▶ Saved data entries

== == ==

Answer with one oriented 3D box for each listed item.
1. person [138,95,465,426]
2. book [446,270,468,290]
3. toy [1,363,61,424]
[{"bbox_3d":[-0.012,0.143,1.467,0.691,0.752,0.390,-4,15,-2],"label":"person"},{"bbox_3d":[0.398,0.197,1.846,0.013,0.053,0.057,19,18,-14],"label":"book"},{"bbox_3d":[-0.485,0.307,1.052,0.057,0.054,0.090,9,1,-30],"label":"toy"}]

== == ==

▶ What you should do
Line by line, print the records above exactly as they stand.

▶ Finished exercise
Answer with one oriented 3D box for each listed item.
1. person [138,95,465,426]
2. book [446,270,468,290]
3. toy [1,363,61,424]
[{"bbox_3d":[-0.012,0.143,1.467,0.691,0.752,0.390,-4,15,-2],"label":"person"},{"bbox_3d":[0.398,0.197,1.846,0.013,0.053,0.057,19,18,-14],"label":"book"},{"bbox_3d":[-0.485,0.307,1.052,0.057,0.054,0.090,9,1,-30],"label":"toy"}]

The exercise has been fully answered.